▸ Data records:
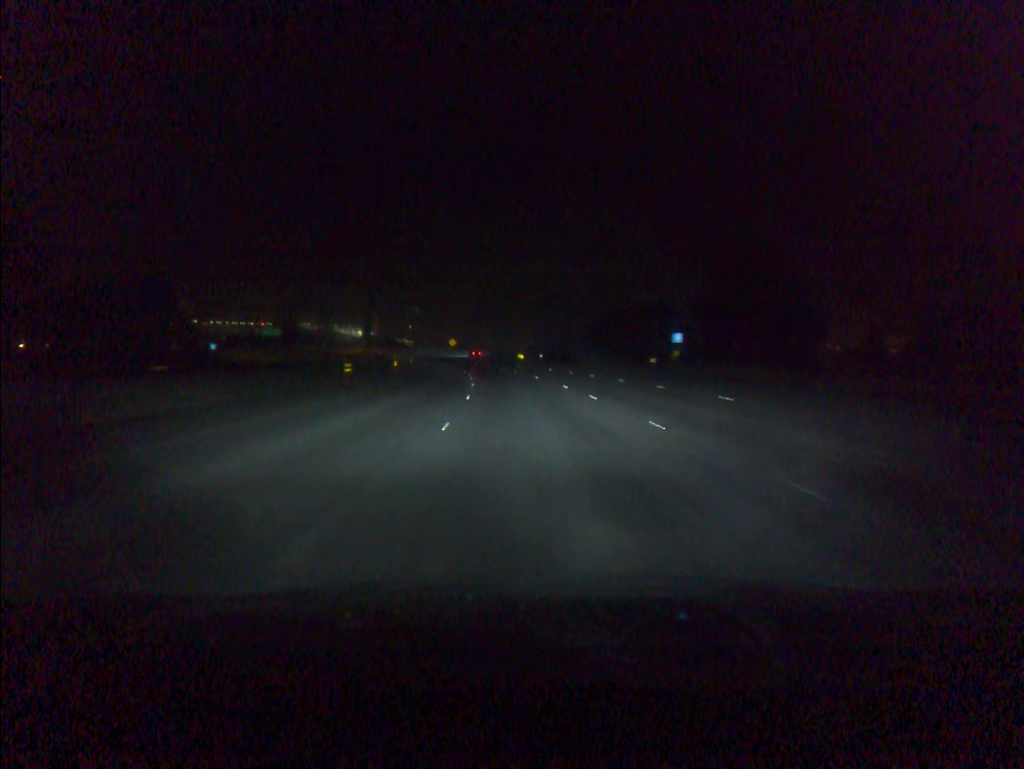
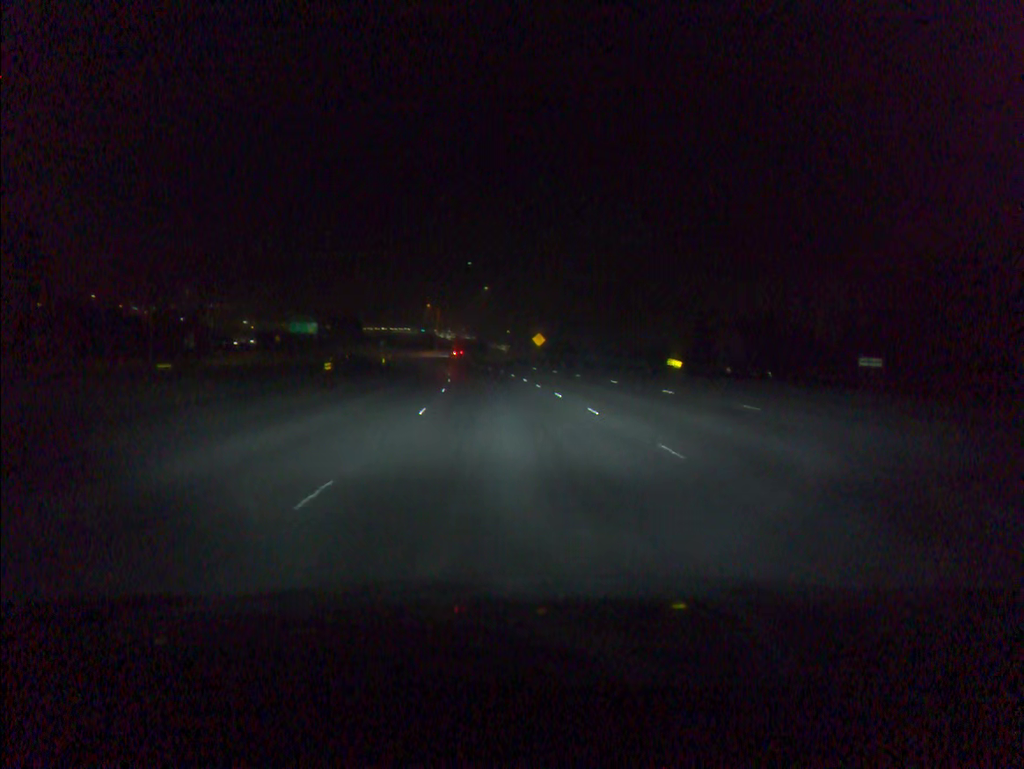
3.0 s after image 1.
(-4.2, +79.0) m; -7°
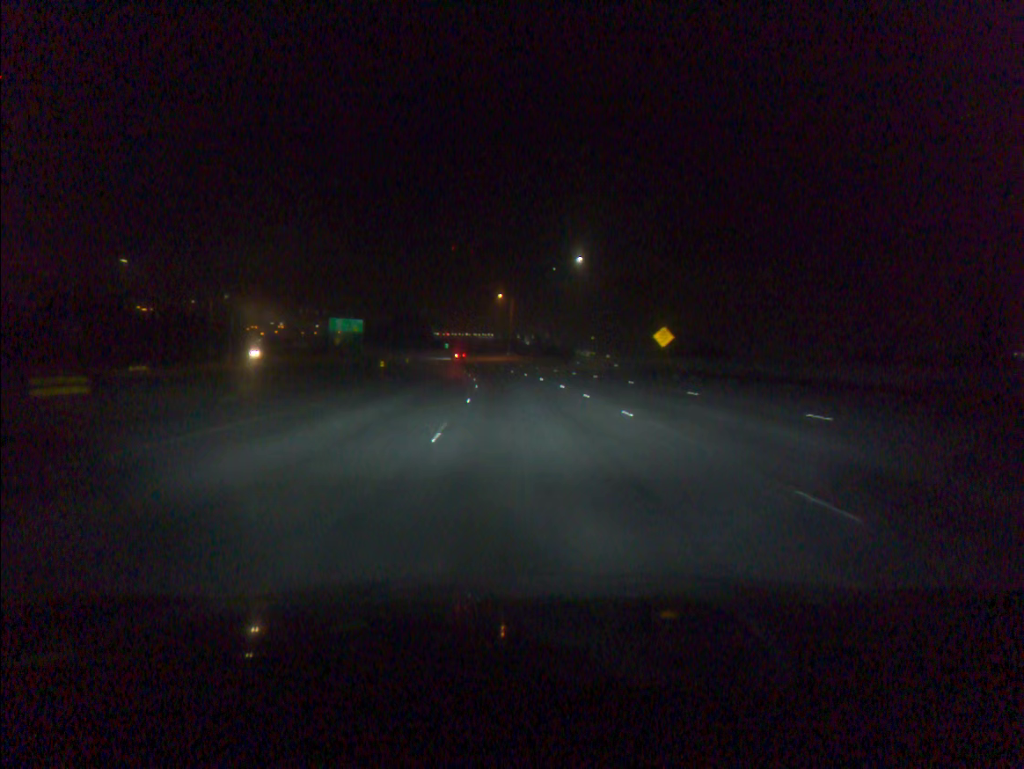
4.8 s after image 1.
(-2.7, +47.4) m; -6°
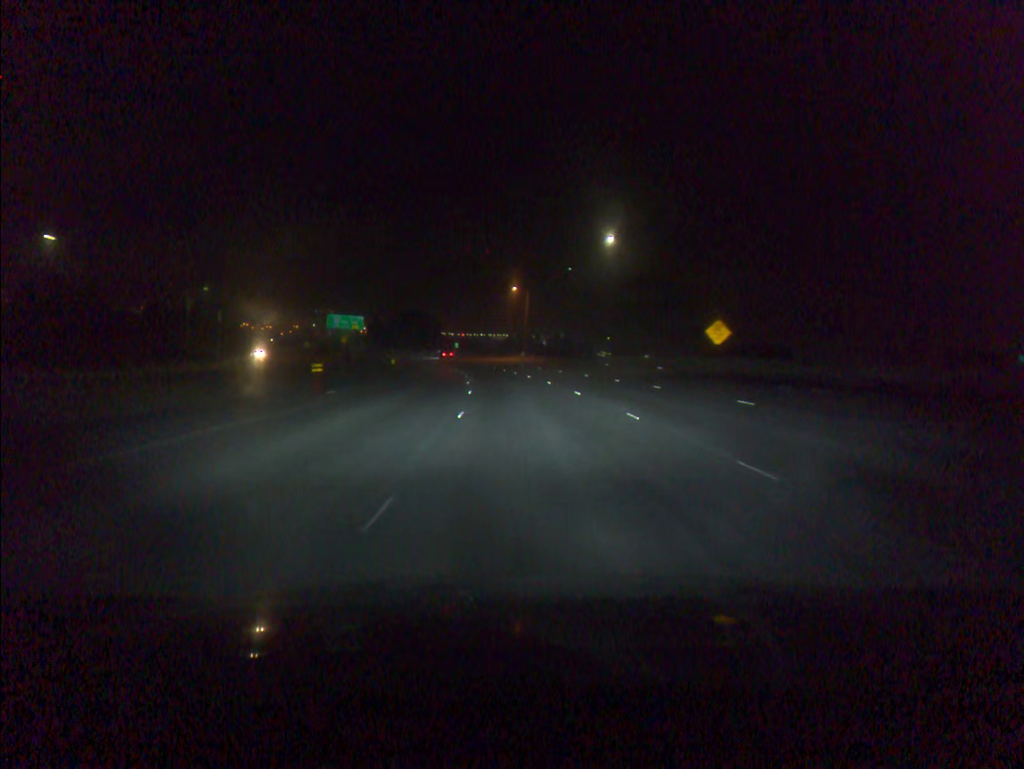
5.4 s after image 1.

▸ Task goal: Without the pictures, restate all of the entries above verbatim.

▸ Result below:
3.0 s after image 1.
(-4.2, +79.0) m; -7°
4.8 s after image 1.
(-2.7, +47.4) m; -6°
5.4 s after image 1.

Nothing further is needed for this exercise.